Data excerpts:
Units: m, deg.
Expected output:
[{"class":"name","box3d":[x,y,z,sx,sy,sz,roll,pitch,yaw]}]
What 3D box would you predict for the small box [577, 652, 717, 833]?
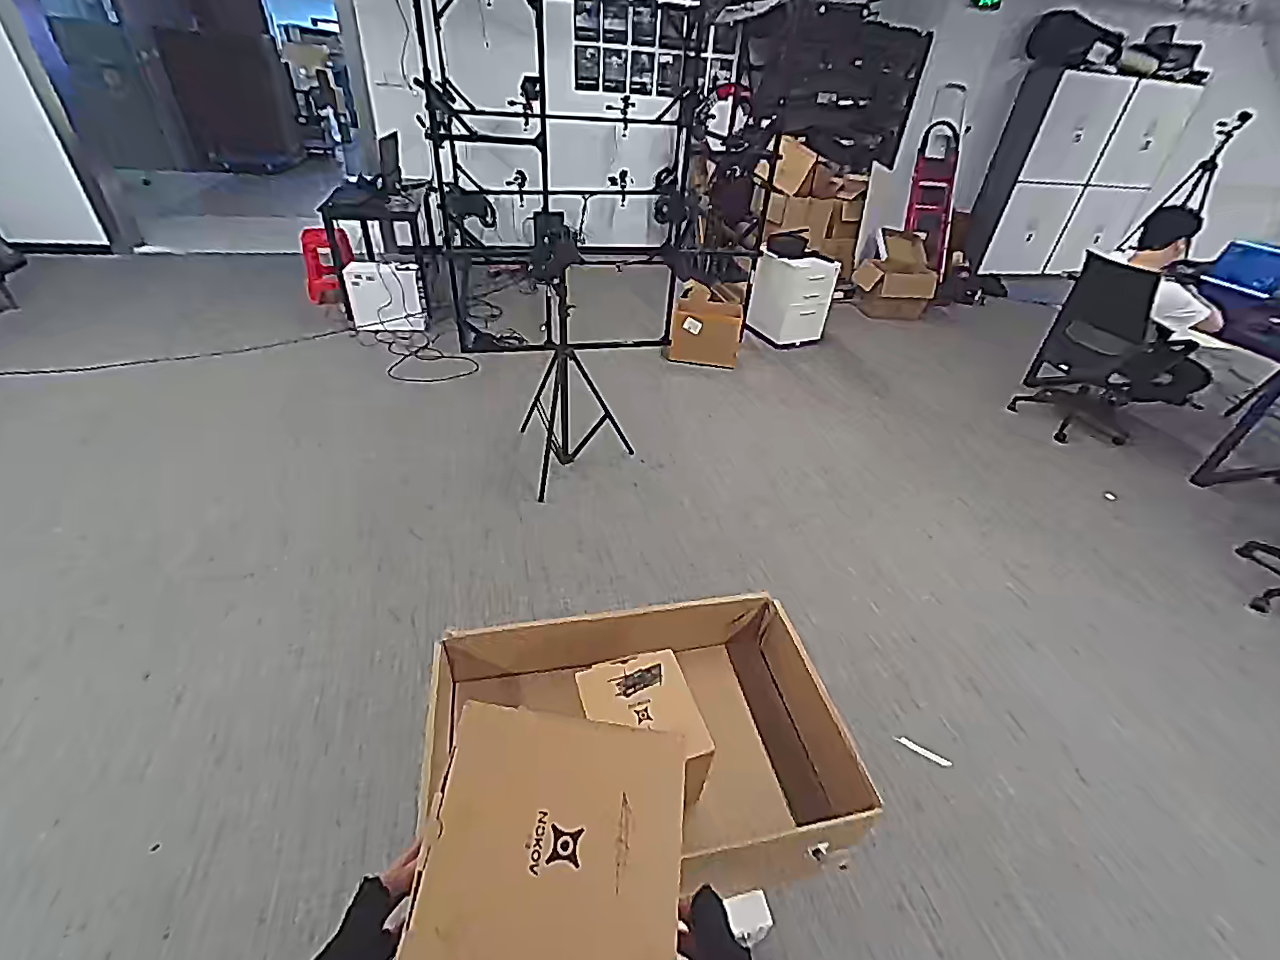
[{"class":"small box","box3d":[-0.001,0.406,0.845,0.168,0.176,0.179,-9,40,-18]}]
==
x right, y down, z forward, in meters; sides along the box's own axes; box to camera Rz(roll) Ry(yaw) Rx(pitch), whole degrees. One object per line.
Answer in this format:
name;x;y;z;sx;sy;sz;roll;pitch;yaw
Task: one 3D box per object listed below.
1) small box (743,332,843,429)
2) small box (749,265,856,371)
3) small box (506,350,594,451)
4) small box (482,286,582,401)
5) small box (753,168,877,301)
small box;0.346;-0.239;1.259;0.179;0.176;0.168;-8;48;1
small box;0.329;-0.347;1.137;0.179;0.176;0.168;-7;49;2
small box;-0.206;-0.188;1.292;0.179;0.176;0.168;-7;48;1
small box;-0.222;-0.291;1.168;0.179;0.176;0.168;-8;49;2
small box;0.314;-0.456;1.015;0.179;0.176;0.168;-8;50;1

TASK DETAILS: Scan the records for the word "object". Copy each line where it turns up.

YOUR SOLUTION:
x right, y down, z forward, in meters; sides along the box's own axes; box to camera Rz(roll) Ry(yaw) Rx(pitch), whole degrees. One object per line.
Task: one 3D box per object listed below.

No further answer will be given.